On Sunday police said Michael Zehaf-Bibeau, the man who killed a Canadian soldier and attacked the Parliament building made a video of himself just before the attack, evidence that he was driven by ideological and political motives.
The incidents have prompted Harper and his Conservative colleagues to scramble to strengthen anti-terrorism legislation and sparked questions about Canada’s culture of openness that allowed anyone to walk freely into the Ottawa parliament building.
RCMP Commissioner Bob Paulson also could face questions about Zehaf-Bibeau. Paulson told reporters last week that he had come to Ottawa seeking a passport and intended to travel to Syria, a hotbed of Islamic militant activity.

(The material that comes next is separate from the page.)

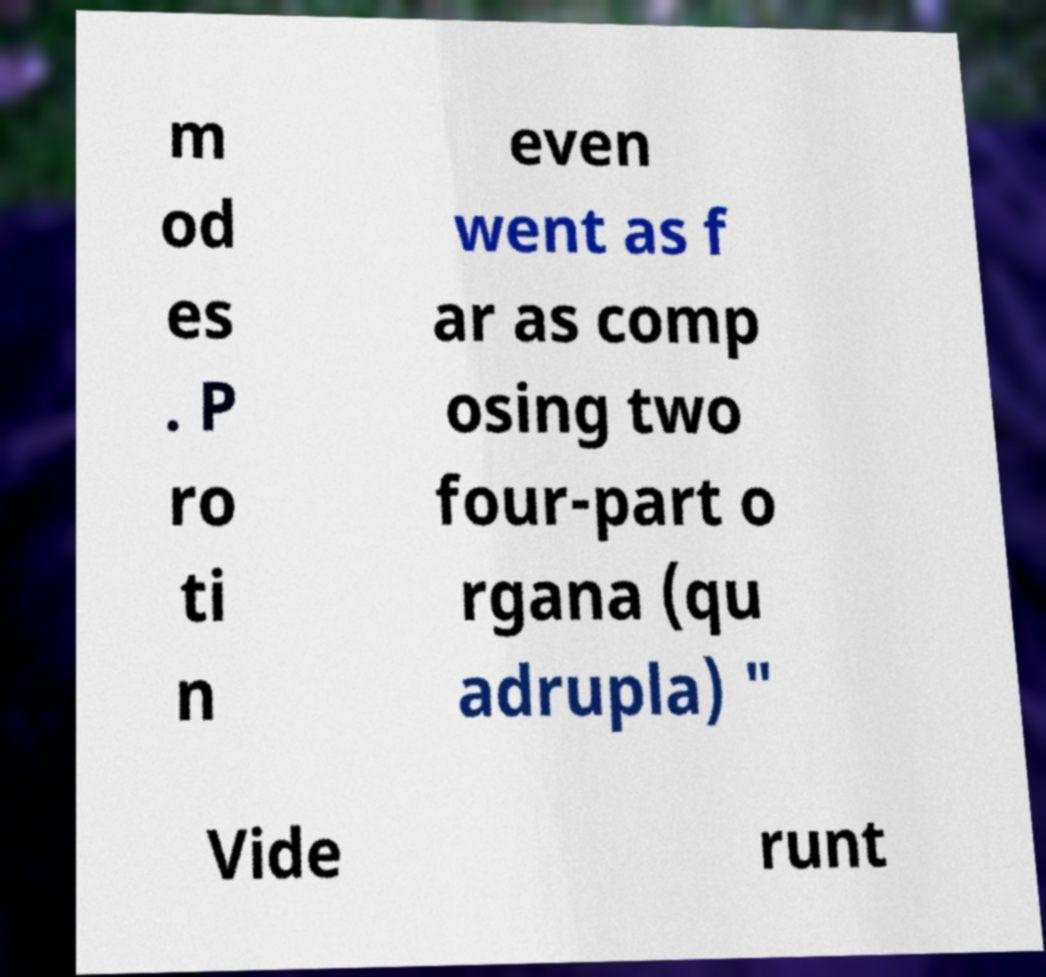For documentation purposes, I need the text within this image transcribed. Could you provide that? m od es . P ro ti n even went as f ar as comp osing two four-part o rgana (qu adrupla) " Vide runt 
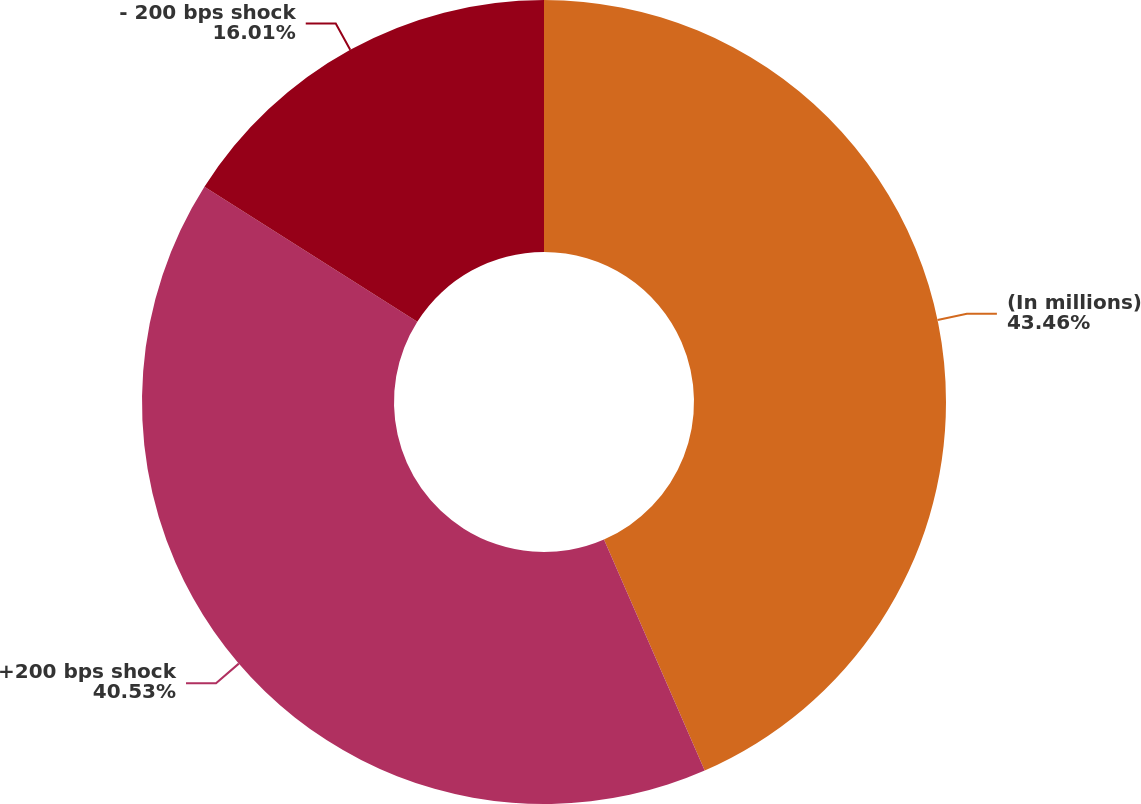Convert chart. <chart><loc_0><loc_0><loc_500><loc_500><pie_chart><fcel>(In millions)<fcel>+200 bps shock<fcel>- 200 bps shock<nl><fcel>43.45%<fcel>40.53%<fcel>16.01%<nl></chart>

But Zehaf-Bibeau’s mother, a top Canadian bureaucrat dealing with immigration issues who Paulson cited as the RCMP’s source for the information, denied his assertion. In a letter to news agency Postmedia, she said she told investigators her son told her he wanted to travel to Saudi Arabia to study the Koran.
Questions have also come up about how much information Canada shared with the United States about Zehaf-Bibeau and Rouleau, who ran over two Canadian soldiers in Quebec with a car, killing one, last week.
In the wake of Wednesday’s attack, some US officials raised concerns about security along the world’s longest undefended border.